KUALA LUMPUR (March 26): The Malaysian Association of Tour and Travel Agents (MATTA) is urging the government to allow the private sector to stop mandatory contributions to the Employees Provident Fund (EPF), the Human Resources Development Fund and other levies.
MATTA president Datuk Tan Kok Liang said EPF contributions by both employers and employees should be suspended from March 2020 until the end of the year to allow employers to better manage their cash flow and for workers to have more cash for living expenses.
“Secondly, the government should further assist tourism and related companies by absorbing 60% of staff salaries up to RM 4,000 per month for each staff for six months effective April to September 2020. For this month, we have an estimated 90% drop in revenue and we expect the revenue from April to May to be practically nil. This request may seem “unreasonable”, but we are now under extraordinary circumstances,” Tan said in a statement.
He added that if such assistance and stimulus are not forthcoming very soon, liquidity issues will force many existing small and medium enterprise (SMEs) tourism companies and facilities to cease operations, resulting in a large number of workers losing their jobs.
“The tourism industry employs more than 3.5 million people (23.5% of our nation’s total employment), representing nearly a quarter of all jobs in Malaysia. It is expected that two in five people or 40% of the people would lose jobs, consequently this will create a ripple effect to other sectors.
“The key point here is to protect jobs! Businesses cannot be expected to keep paying employees when there is little or no income — it’s either close shop or lose jobs. Neither is desirable and a win-win solution would be for the government to help both employer and employee by sharing the burden of paying wages”, Tan went on.

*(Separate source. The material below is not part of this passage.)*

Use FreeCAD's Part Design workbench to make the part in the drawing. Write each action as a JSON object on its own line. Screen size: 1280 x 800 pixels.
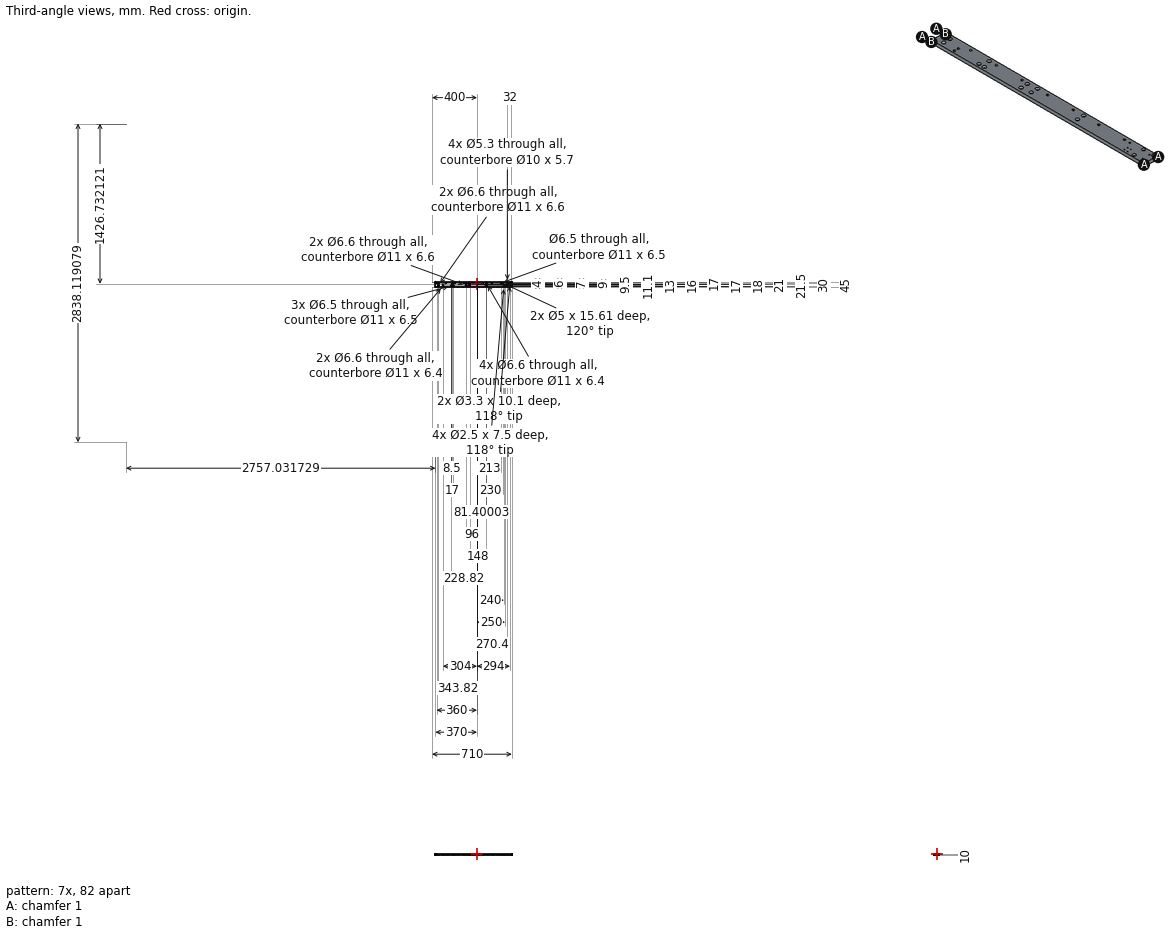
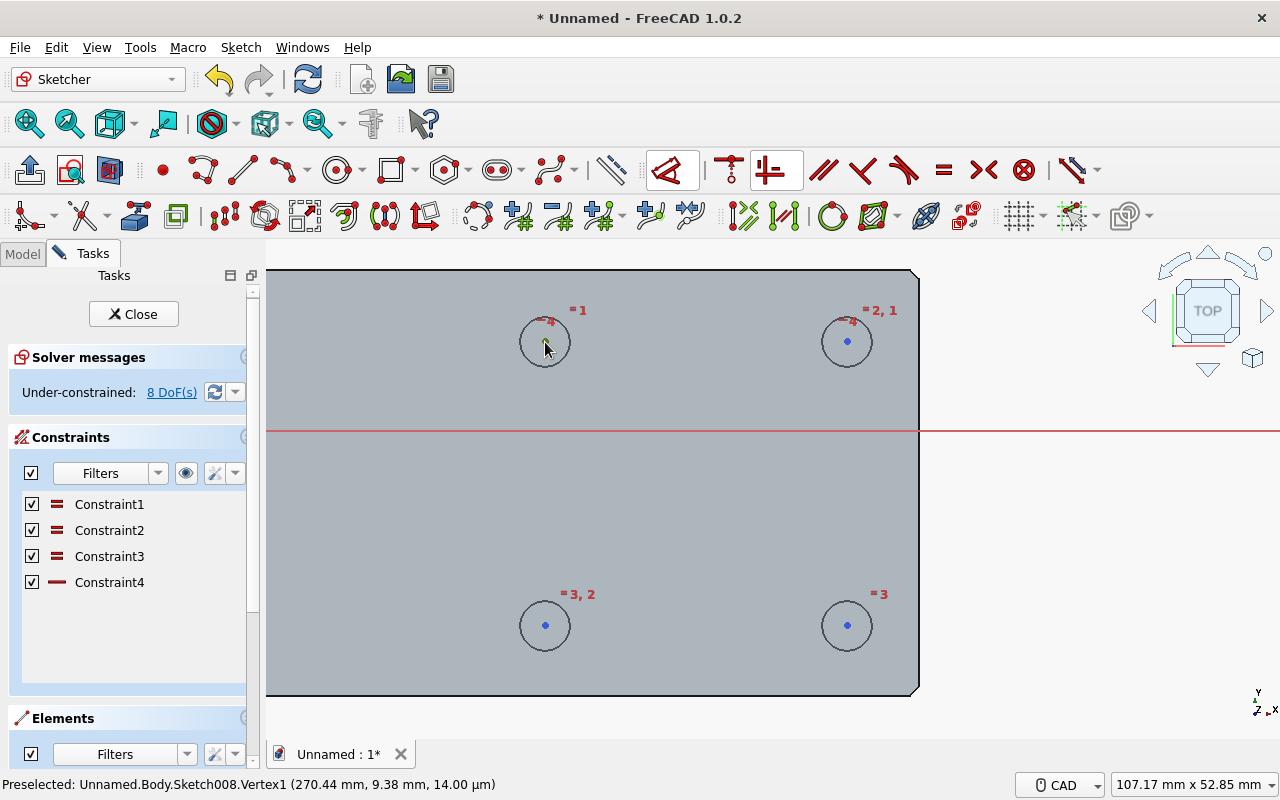
{"action": "left_click", "coordinate": [545, 626]}

On Bank Negara Malaysia’s announcement to allow a moratorium on loan repayments for the next six months, Tan said MATTA welcomes the move. However, he said banks should take a more responsible approach and go beyond their call of duty by allowing waivers to be made on the interest that is accrued and compounded on conventional loans during the moratorium period.
“How can the SMEs survive with the accumulated interest due and compounded and payable upon the expiry of the moratorium period? Compounding overdue interest is a double whammy for suffering businesses during this period,” he said.